Valga agregar que la acción de tutela es inconducente para alegar la violación de derechos fundamentales a través de providencias proferidas en procesos de esa misma naturaleza constitucional, precisamente para garantizar el debido proceso y los principios de cosa juzgada y seguridad jurídica, de tal modo que no puede pretenderse que el juez constitucional por vía de tutela pueda reexaminar en una extraña revaloración probatoria los criterios expuestos en otra acción de tutela.
En mérito de lo expuesto, la Corte Suprema de Justicia, Sala de Casación Laboral, administrando justicia en nombre de la República y por autoridad de la ley,
RESUELVE
PRIMERO. - NEGAR la tutela impetrada por las razones expuestas en las motivaciones de esta providencia.
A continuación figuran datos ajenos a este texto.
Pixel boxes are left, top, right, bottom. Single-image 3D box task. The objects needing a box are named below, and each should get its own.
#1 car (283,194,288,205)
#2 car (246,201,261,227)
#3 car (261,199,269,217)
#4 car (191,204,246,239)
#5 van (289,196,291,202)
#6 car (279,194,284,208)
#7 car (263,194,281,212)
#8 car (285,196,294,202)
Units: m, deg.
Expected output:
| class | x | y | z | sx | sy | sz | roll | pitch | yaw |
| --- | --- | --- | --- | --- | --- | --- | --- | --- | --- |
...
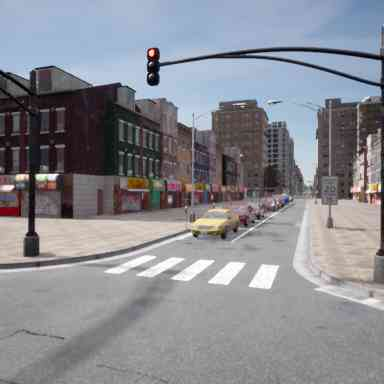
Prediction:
| class | x | y | z | sx | sy | sz | roll | pitch | yaw |
| --- | --- | --- | --- | --- | --- | --- | --- | --- | --- |
| car | 12.552 | 1.283 | 49.211 | 2.192 | 1.841 | 5.009 | 1 | 0 | 19 |
| car | 3.250 | 1.505 | 22.772 | 1.887 | 1.381 | 4.507 | 1 | 0 | 19 |
| car | 5.110 | 1.540 | 28.061 | 1.802 | 1.307 | 4.206 | 1 | 0 | 19 |
| car | 1.334 | 1.488 | 17.325 | 1.752 | 1.417 | 4.829 | 1 | 0 | 19 |
| van | 16.271 | 1.319 | 59.787 | 1.690 | 1.788 | 3.998 | 1 | 0 | 19 |
| car | 10.691 | 1.404 | 43.923 | 1.967 | 1.590 | 4.097 | 1 | 0 | 19 |
| car | 8.831 | 1.401 | 38.636 | 1.967 | 1.590 | 4.097 | 1 | 0 | 19 |
| car | 23.709 | 1.577 | 80.940 | 1.947 | 1.339 | 4.313 | 1 | 0 | 19 |
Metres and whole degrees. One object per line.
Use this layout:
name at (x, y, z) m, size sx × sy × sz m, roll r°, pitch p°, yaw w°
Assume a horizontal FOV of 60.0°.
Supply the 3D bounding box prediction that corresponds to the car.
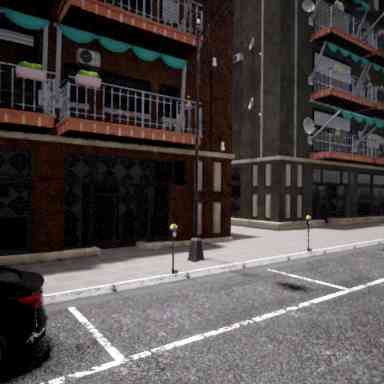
car at (-3.948, 1.566, 3.747) m, size 4.313 × 1.339 × 1.947 m, roll 0°, pitch 1°, yaw -35°
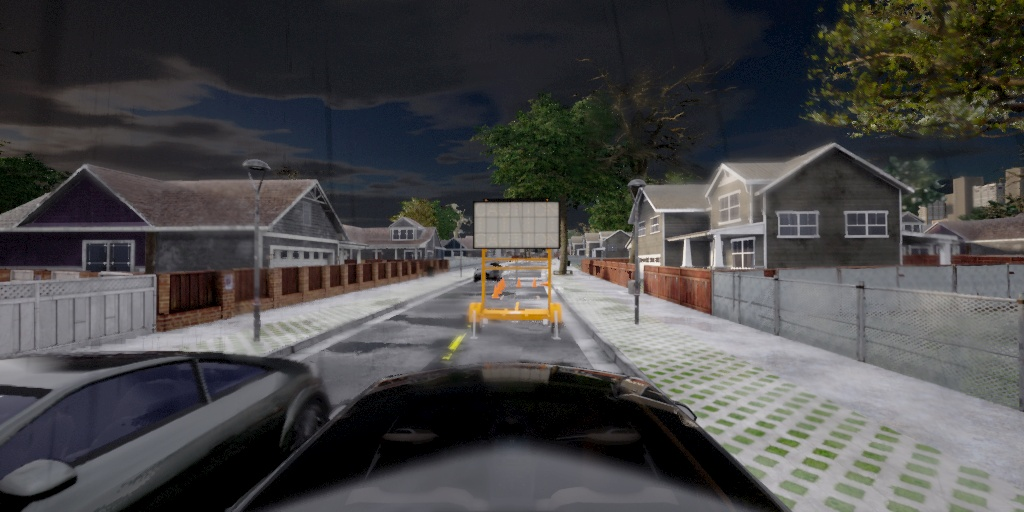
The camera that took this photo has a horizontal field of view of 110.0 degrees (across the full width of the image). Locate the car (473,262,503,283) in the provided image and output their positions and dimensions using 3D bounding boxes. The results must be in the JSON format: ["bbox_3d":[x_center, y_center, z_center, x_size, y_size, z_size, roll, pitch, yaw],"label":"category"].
[{"bbox_3d":[-1.765,1.223,27.489,1.837,1.490,4.892,0,0,4],"label":"car"}]

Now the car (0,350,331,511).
[{"bbox_3d":[-2.811,1.314,1.886,1.994,1.385,4.181,0,0,1],"label":"car"}]

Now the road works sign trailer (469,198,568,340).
[{"bbox_3d":[0.132,0.211,10.011,2.380,3.560,2.880,0,0,2],"label":"road works sign trailer"}]

SEGUNDO.- NOTIFICAR esta decisión a los interesados en la forma prevista por el artículo 30 del Decreto 2591 de 1991. TERCERO.- Si no fuere impugnada esta providencia, remítase el expediente a la Corte Constitucional para su eventual revisión.
NOTIFÍQUESE Y CÚMPLASE CAMILO TARQUINO GALLEGO ELSY DEL PILAR CUELLO CALDERÓN GUSTAVO JOSÉ GNECCO MENDOZA EDUARDO LÓPEZ VILLEGAS LUIS JAVIER OSORIO LÓPEZ FRANCISCO JAVIER RICAURTE GÓMEZ ISAURA VARGAS DÍAZ MARIA ISMENIA GARCÍA MENDOZA Secretaria ACLARACIÓN DE VOTO Tutela 19142 Con mi acostumbrado respeto por las decisiones de la Sala, me permito expresar que si bien comparto la decisión en el presente asunto, discrepo de las consideraciones adoptadas para ello, pues, en mi sentir, como lo venía sosteniendo unánimemente esta Sala de Casación, no procede la tutela contra decisiones judiciales, por no ser dable mediante esta acción injerirse en la órbita de competencia de otras autoridades judiciales, ni invalidar los efectos de sus providencias; además, porque esa posibilidad no cuenta con un respaldo normativo expreso e iría en contra de los principios de cosa juzgada y de autonomía judicial.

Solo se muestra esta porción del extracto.